You can purchase it starting from $22.92 depending on material:
I’ve include a 30% margin in the price (~$5) that will go towards a trip to Africa in November, where I’ll be donating time and resources using 3DR powered UAS in wildlife research and conservation.
To complete the mount, you’ll need these Dampers which cost $1.20 from Hobby King.
The mount can be installed using double sided tape, or M3 screws spaced at 45mm x 45mm.
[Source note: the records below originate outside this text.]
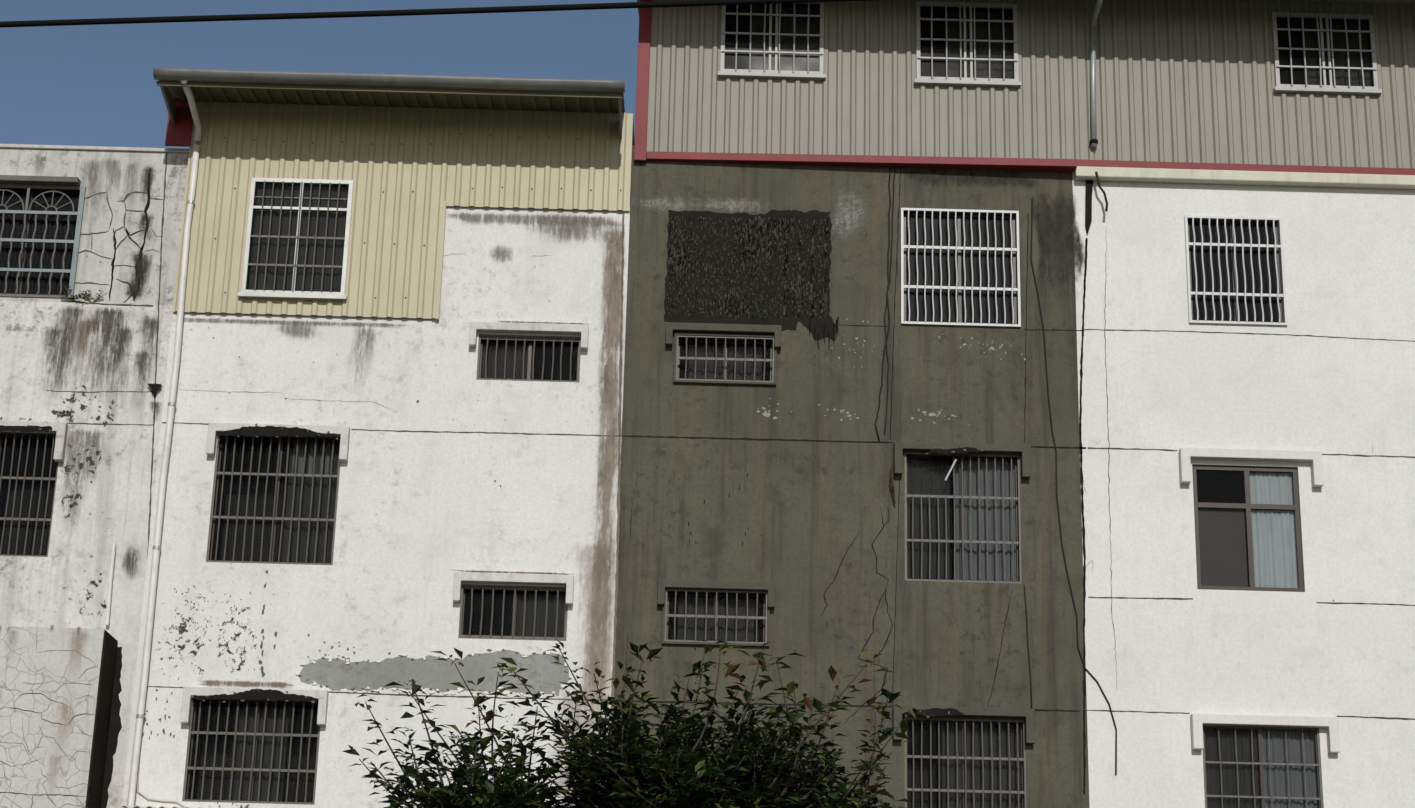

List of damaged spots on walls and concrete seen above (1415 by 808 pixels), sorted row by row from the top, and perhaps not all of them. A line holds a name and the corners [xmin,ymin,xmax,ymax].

leakage [51,385,117,518]
leakage [46,307,162,410]
leakage [127,253,149,297]
crack [47,153,901,724]
leakage [453,213,621,686]
crack [0,626,98,808]
spalling [143,570,571,740]
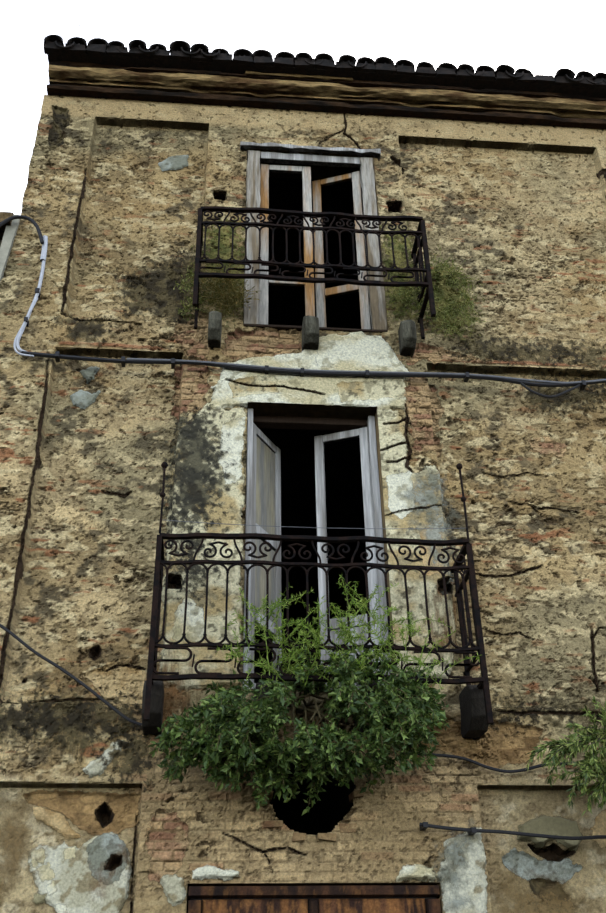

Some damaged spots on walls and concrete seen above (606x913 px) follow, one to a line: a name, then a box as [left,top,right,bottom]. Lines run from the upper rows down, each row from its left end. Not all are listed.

crack [319,114,361,149]
crack [229,380,323,394]
crack [382,407,412,472]
water stain [150,404,244,611]
flaking render [158,312,494,694]
spalling [82,740,124,778]
flaking render [23,789,239,913]
flaking render [396,827,488,913]
spalling [502,843,583,899]
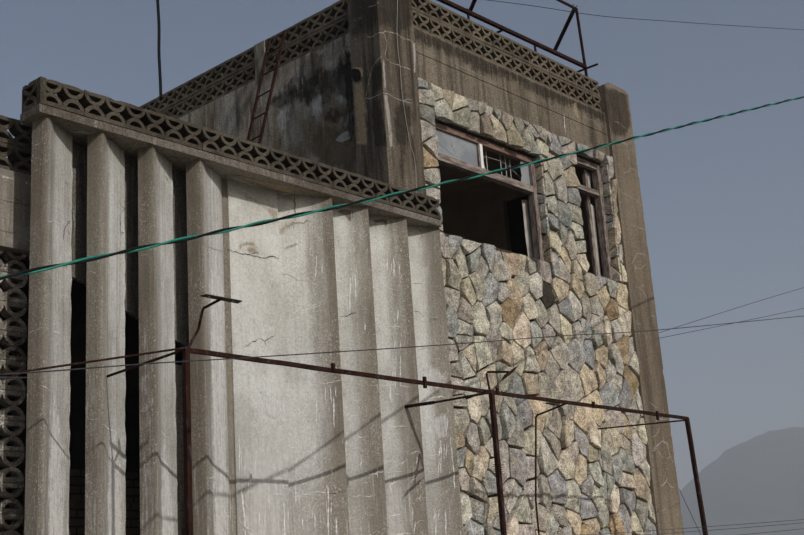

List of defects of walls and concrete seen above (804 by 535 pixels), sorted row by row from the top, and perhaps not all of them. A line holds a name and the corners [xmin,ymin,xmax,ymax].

leakage [306,51,411,169]
crack [355,31,415,110]
leakage [351,0,630,136]
leakage [209,255,229,535]
leakage [238,397,316,535]
crack [275,451,439,513]
leakage [423,368,444,390]
leakage [428,408,455,488]
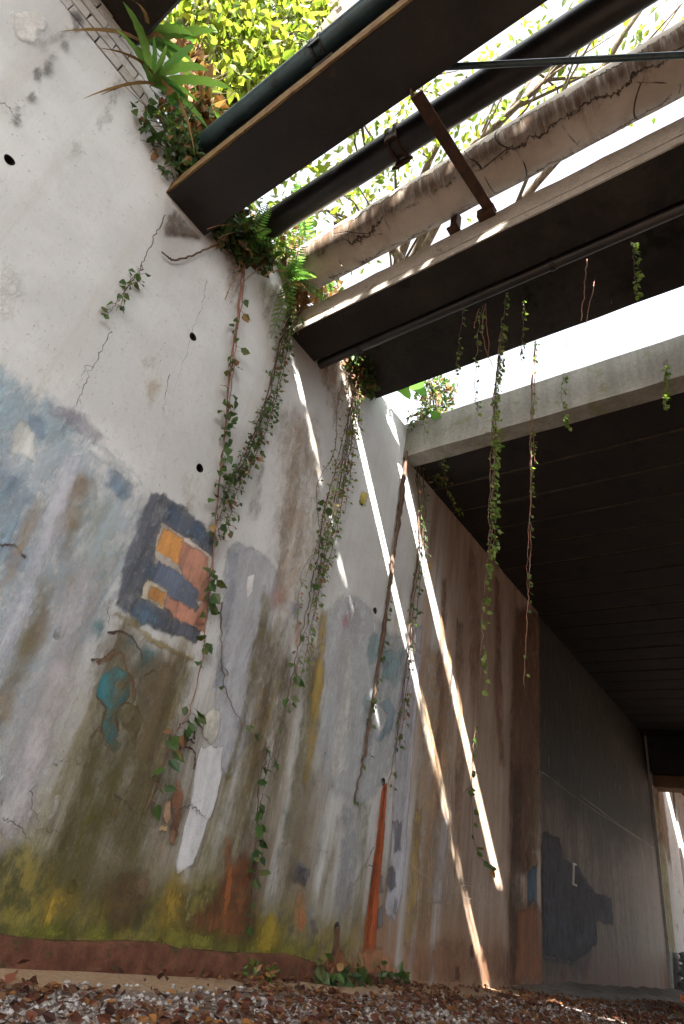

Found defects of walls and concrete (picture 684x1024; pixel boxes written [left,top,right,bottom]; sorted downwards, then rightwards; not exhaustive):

crack [71,331,112,422]
water stain [0,457,94,836]
water stain [259,647,315,802]
water stain [290,855,310,886]
rust [324,783,397,974]
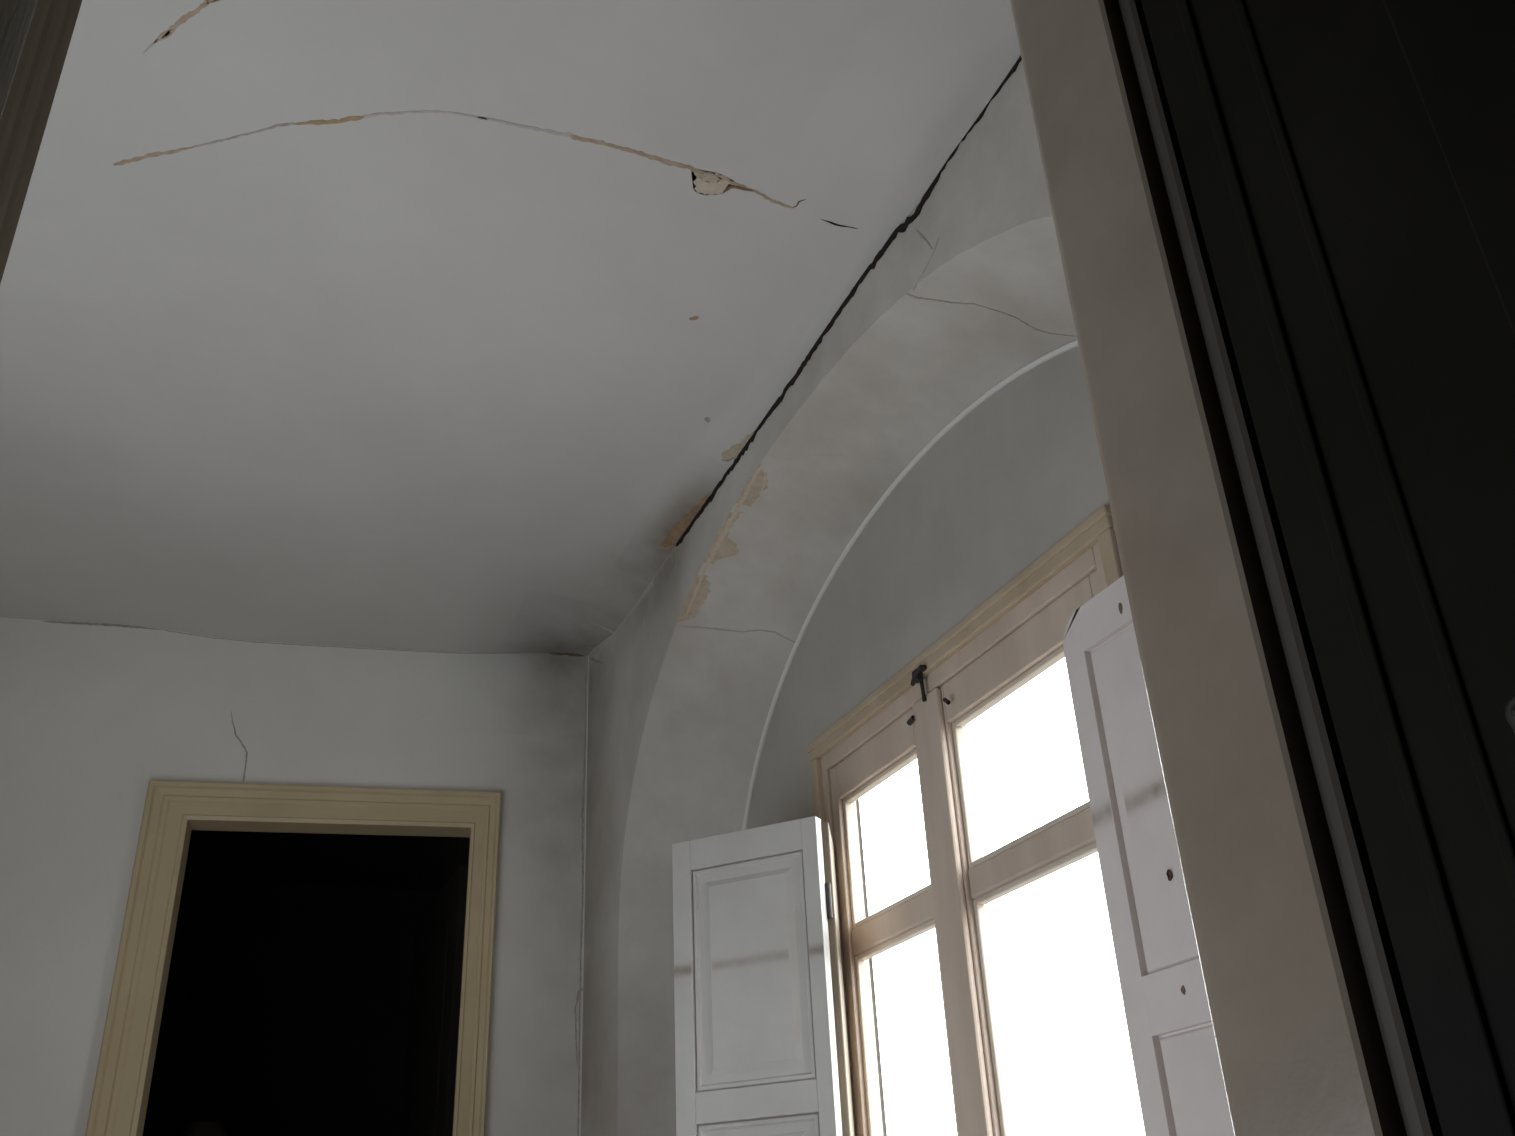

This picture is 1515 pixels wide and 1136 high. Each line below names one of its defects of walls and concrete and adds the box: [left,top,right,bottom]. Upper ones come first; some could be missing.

If you’d like me to modify the file to suit the mounting options of your airframe, just let me know.
The log file that was used to produce the results shown above can be downloaded from here: Turnigy Talon 2min Loiter (default PIDs)
Check frame motors, props and prop adapters¶
For copters vibration comes mostly from frame flex and motors and propellers and often you can reduce vibration significantly:
- Frame flex especially arm flex is a big cause of asynchronous
vibration, Frame arms should be as rigid as possible.
- The real DJI Flamewheel copters have sufficiently rigid injection molded arms, the many off brand clones do not.
- Generally carbon fiber armed copters have sufficient anti twist and anti-bend characteristics.
- Heavier aluminum armed copters like the Copter are flex free, cheaper Chinese ones often not.
- Most purpose designed commercial copters with injection molded exoskeletons or arms like the Iris or Phantom are sufficiently rigid.
- Cheap, light frames tend to flex more than high quality stronger ones and the heavier you load the copter the more “Flexi” it gets.
- Motor to frame arm and frame arm to central hub mounts need to be secure and flex free (sometimes a problem for carbon tube arms).
- Motors need to run smoothly (bearings not worn-out or “screeching”).
- Prop adapters connecting the propellers to the motors need to be concentric and very straight.
- Propellers should be fully balanced using a good manual prop balancer
- Motor balancing (or really well factory balanced motors like T-Motor) can have a major effect.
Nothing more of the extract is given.